Crabs and videogames have never really gotten along. In the digital realm, they tend to be much larger than they have any right to be, and usually require immediate termination with the use of a gun or some kind of magical attack. Deadliest Catch: Sea of Chaos takes a sympathetic look at the crab by tasking the player with merely capturing them. No need to cast spells or reload your rocket launcher, just throw down your traps and take a nap, because this game is boring. Maybe there is a reason crabs are always over-sized in videogames. It’s because any digital interaction with normal sized crabs will turn into a struggle to maintain consciousness.
Deadliest Catch: Sea of Chaos is based on the Discovery Channel’s hit ocean-based murder simulator show of the same name (crab fishing can literally be fatal). The show is interesting, dangerous and most importantly, exciting. Deadliest Catch the game is none of these things. It has more in common with Mario Party and its minigames than anything else, but that doesn’t mean the game is entirely without at least some merit.
Sea of Chaos puts the player in charge of a crabbing boat and all the trials and tribulations that come with that responsibility. You begin the game by buying a boat, hiring a few deck hands, and heading into the big blue watery road to catch some crabs. The aquatic kind, not the red light district kind, although a game based on the latter might have been more compelling.
In order to capture crab, there are minigames that must be employed and statistics that must be monitored. Your crew will tire, your gas will run out and your equipment will wear down as you crab the uninviting waters. Along with keeping all of those things in check, you must also set traps, gather traps and sort crabs under the guise of minigames. After you’ve done all that, you head to port to unload your crabs, refuel, etc. and then you head back out in order to do the same thing all over again until you decide you’ve had enough.
There are six minigames, all of which you will have the opportunity to master whether you want to or not. Laying traps involves steering an intentionally unresponsive boat towards rings in the water and timing the dropping of your traps. Gathering the traps involves throwing out well-timed rope tosses into the ocean as you pass by your traps. Sorting the crab is about as interesting as it sounds. Good crabs go to the right, and everything else goes to the left. Selling the crabs involves throwing the six legged creatures into a basket while avoiding a swinging crane, which doesn’t seem accurate to the actual process, but we write about videogames so what would we know about crabbing? The other two minigames show up randomly. One has you organizing different lengths of wire over a grid to repair broken hardware, while another has you searching the waters for crabbers who have fallen overboard. Saving the crabbers is basically a retooled version of the setting the traps minigame.

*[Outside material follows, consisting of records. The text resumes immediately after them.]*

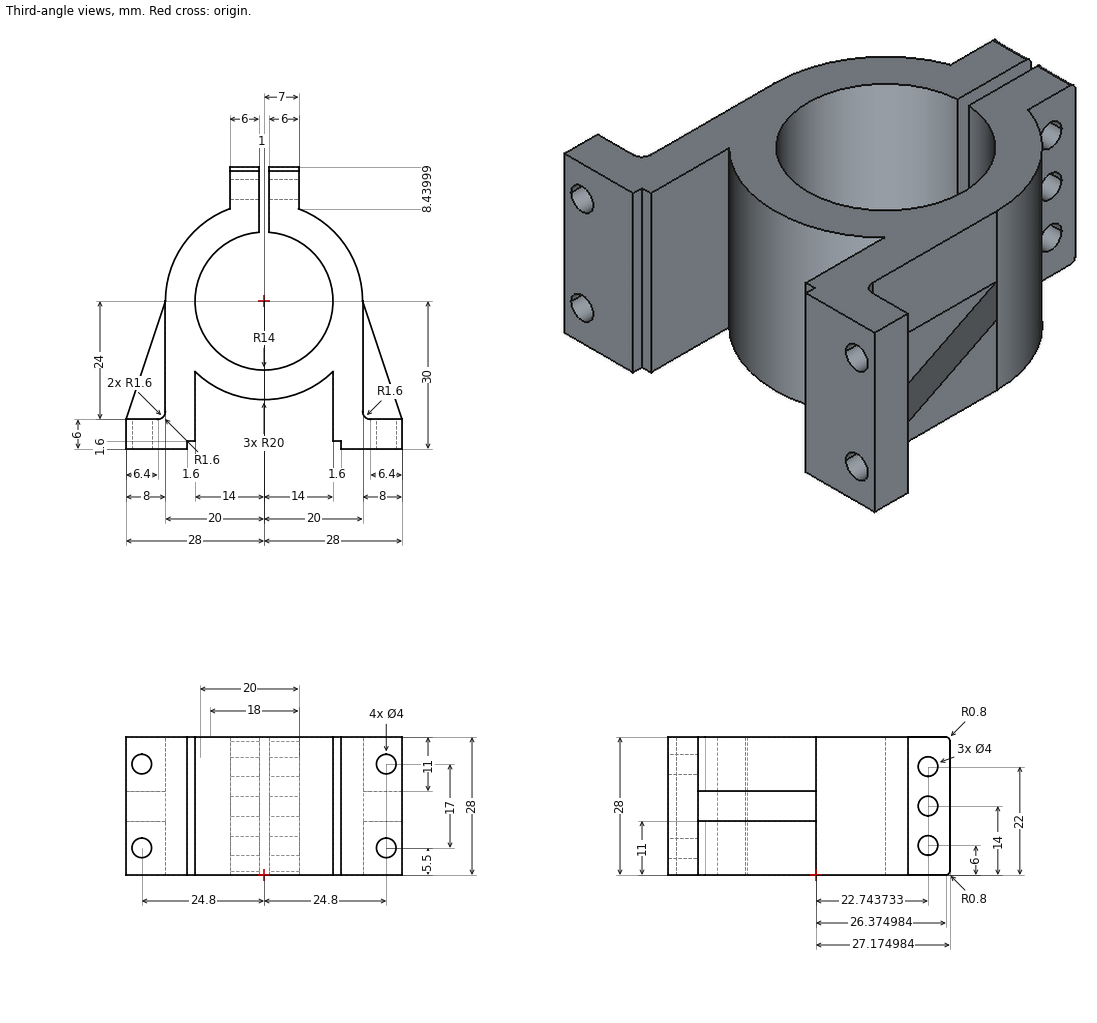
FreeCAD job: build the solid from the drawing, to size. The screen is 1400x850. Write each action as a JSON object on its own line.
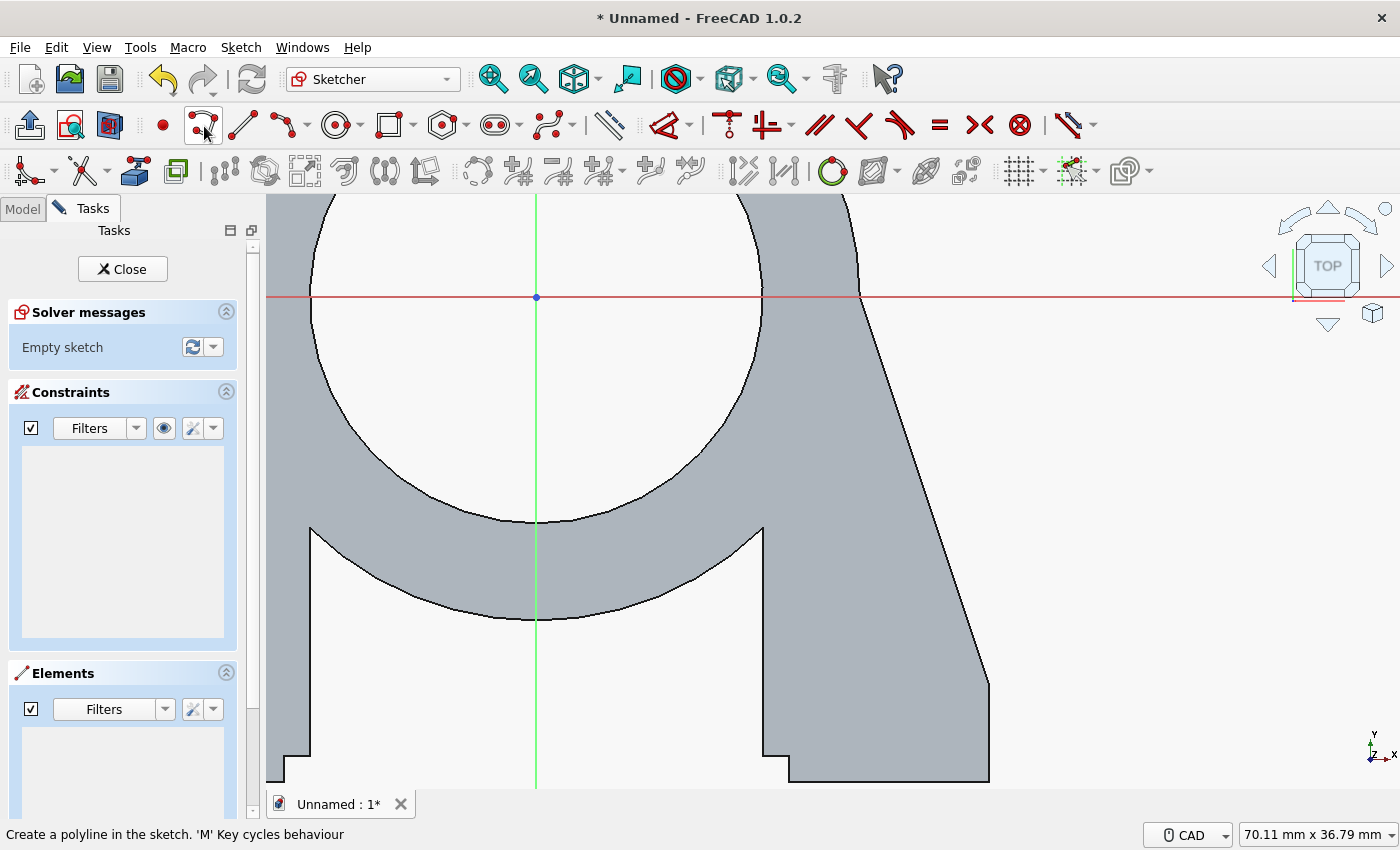
{"action": "left_click", "coordinate": [886, 685]}
{"action": "left_click", "coordinate": [989, 685]}
{"action": "left_click", "coordinate": [860, 297]}
{"action": "left_click", "coordinate": [860, 659]}
{"action": "right_click", "coordinate": [860, 659]}

The entire game, including all of the minigames, can be played with the Move controller, but it adds absolutely nothing to the experience and in some cases makes the game harder. Sorting the crabs, despite receiving a mouse-like pointer with the Move controller, is actually more difficult. Flicks of the wrist will often send good crabs down the trash chute, and trash down the crab chute. The only game that takes advantage of the Move controller as something other than a fancy pointer is the game for retrieving the traps. You have to perform a movement similar to casting a fishing line to toss your trap-retrieving ropes. Every other Move element of the game has the player pointing the Move controller at the television like a remote control. Being able to play the game one handed is an advantage (especially if you really REALLY love crab), but not enough of one to put down the DualShock.
The strategy of Sea of Chaos comes from performing these minigames at the right time, in the right place on the ocean map, with the right crew members. Crew members level up their skills as they are used, and boats can be upgraded as money is earned. It all culminates into a simplified strategy game with minigames.

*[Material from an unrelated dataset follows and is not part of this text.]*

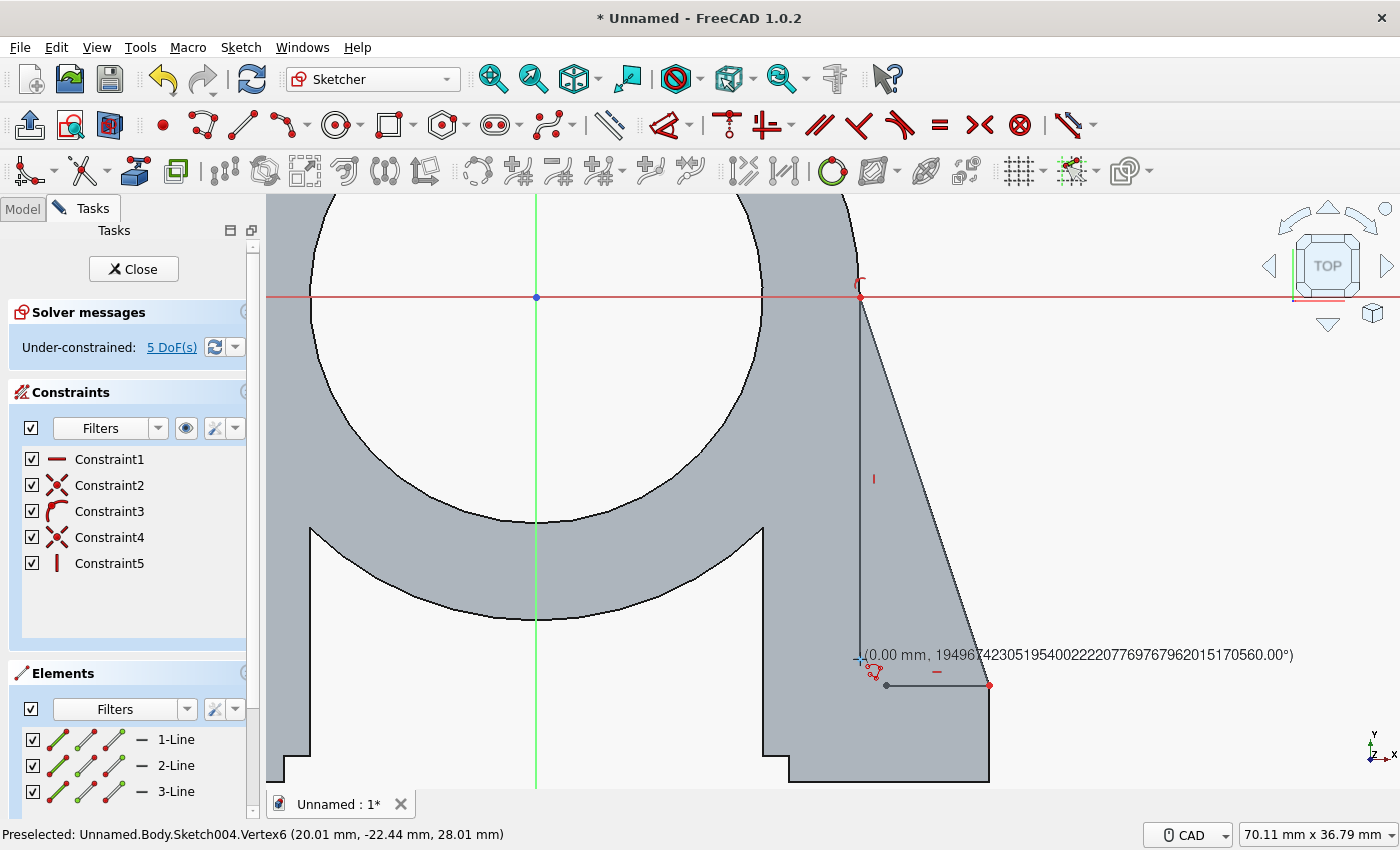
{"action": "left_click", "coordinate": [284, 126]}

Despite the dull and repetitious nature of the game, in can be incredibly rewarding at times. Pulling up a trap brimming with crab is genuinely exciting. It means more sorting, and more selling, but it also means more money. The game offers a scorecard, just like the show, of how much money all the different captains are making with their crab. To pull ahead of somebody is exciting, and usually required for finishing a season successfully.
And speaking of those captains you are trying to defeat, they are all people you recognize from the Discovery Channel show. You can call them and offer crab hunting tips, or receive tips, as well as build allegiances and enemies. Memorable events from the show will occur too, with different in-game crabbing seasons corresponding to different seasons of the show. As a representative of the personalities of the TV show, the game succeeds here somewhat, but as a simulation of the exciting and dangerous world of crab fishing? No. It doesn’t even come close.
For huge fans of Deadliest Catch who don’t fall into the realm of hardcore gamer, this game will be perfect. It’s not too hard, it has elements of the show, and you can play the minigames competitively with the people sitting next to you. There is no online for this competitive mode, but it is not missed. As much as we would have loved to earn a trophy for beating 25 online competitors in the crab sorting game, it’s not a feature that the game is missing, so much as it’s just one that it does not happen to have.
It’s dull, with rare moments of huge reward, and the only game it’s competing with in the graphics department came out about 10 years ago, but it is not poorly designed. It works fine with no glitches, and it trains the player well on becoming the ultimate crab captain. It’s just too boring to be fun, and too repetitive to be compelling. All six seasons of the show are stream-able on Netflix. Just go watch that instead.